Being a 68-year-old master of punk music, Iggy Pop could have accepted his peremptory status, continually speaking out against societal niceties and pitfalls (though “Sunday” explores Iggy Pop’s thoughts on corporatized living), but instead, he grapples with the banality of his eventual departure – well aware that his death is inevitable. It’s a perspective in music that has rarely been explored – someone totally comfortable with their life’s work, but still trying to feed the beast that is “purpose.” Songs like “Vulture” concern themselves with the unfortunate reality of being an aging public figure, running into people angling for some sort of financial reward for their end-of-life courtship; thus the songs title. “German Days” sees a return to the heavy-Homme’d soundscapes – thick base lines paired with airy guitar licks, as Homme even provides backing vocals that basically whittle German culture down into a four minute and forty eight second ode. “Chocolate” is an unexpected surprise for an album that has already established its rock-heavy trappings, featuring bells and chimes over a cool disco beat, it’s the first track on the album that really suggests this may be the last album we ever see from Iggy Pop.

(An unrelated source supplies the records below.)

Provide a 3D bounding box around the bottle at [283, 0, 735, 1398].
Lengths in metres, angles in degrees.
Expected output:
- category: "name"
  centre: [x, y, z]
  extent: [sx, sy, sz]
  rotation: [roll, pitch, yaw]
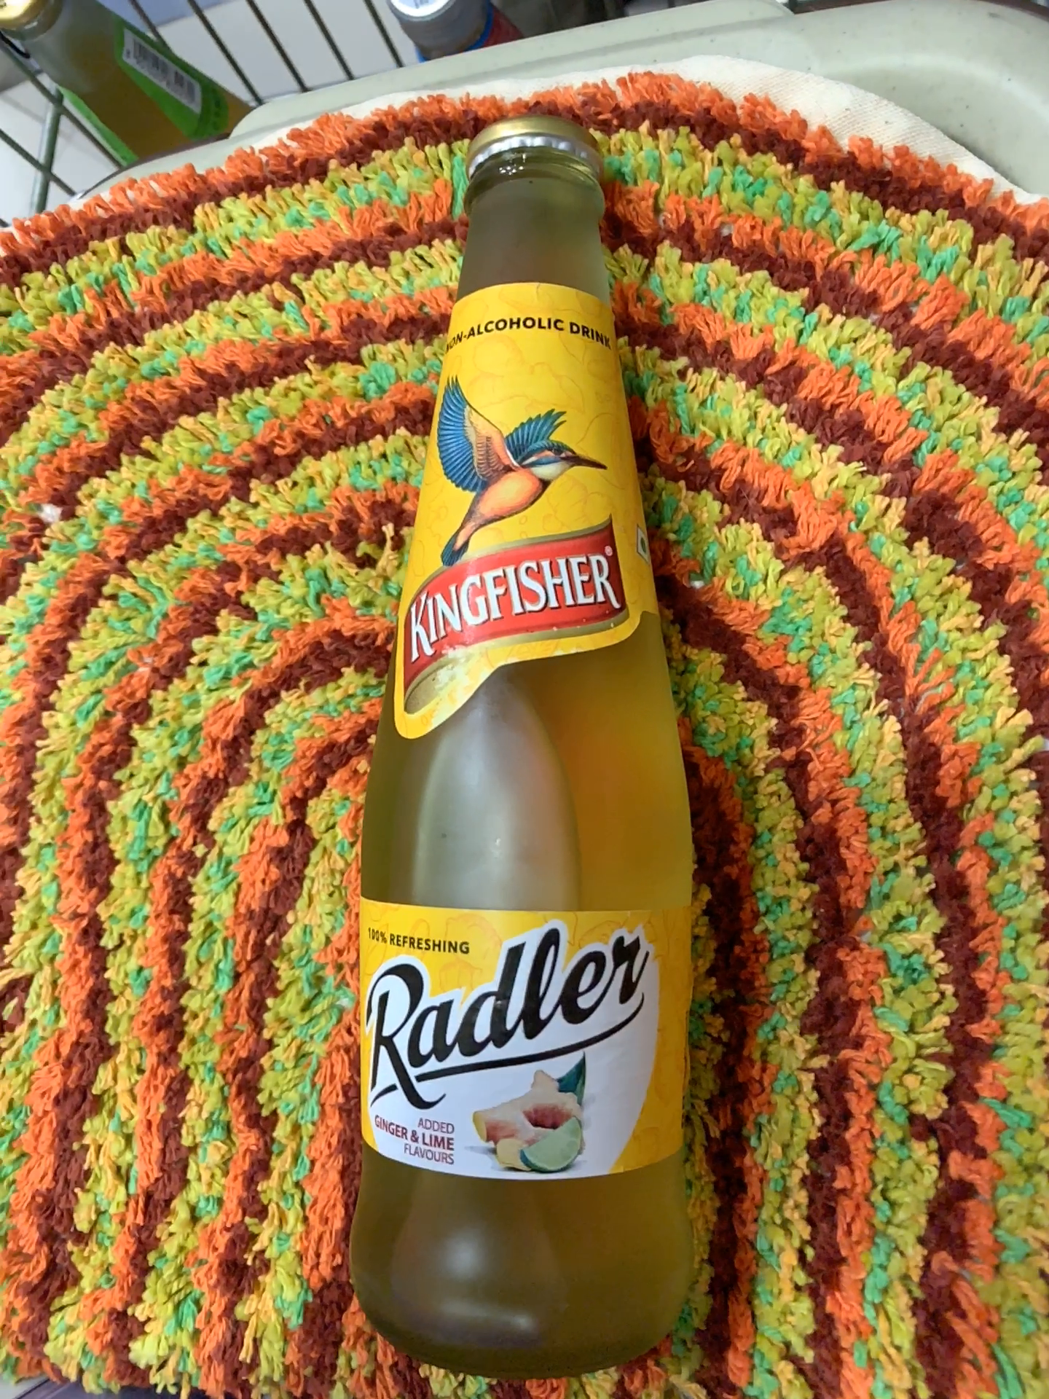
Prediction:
- category: "bottle"
  centre: [0.004, -0.009, 0.196]
  extent: [0.060, 0.060, 0.220]
  rotation: [-1, 83, 18]

If Post Pop Depression is in fact Iggy Pop’s definitive punctuating mark on his famously ungovernable career, it’s about as good a note he can go out on as any. Pre-meditated closing statements can be sad affairs – Glen Campbell’s Ghost on Canvas – and other times oddly premonitory – David Bowie's  – but this closing statement feels nothing like either of those sentiments. Post Pop Depression feels like the first of many further installments in Iggy Pop’s marathon-man career – forever indomitable in every aspect, and wry as ever – but then again, for a guy that’s been frolicking around shirtless on stage for the past 50 years, that may be the best way to go out.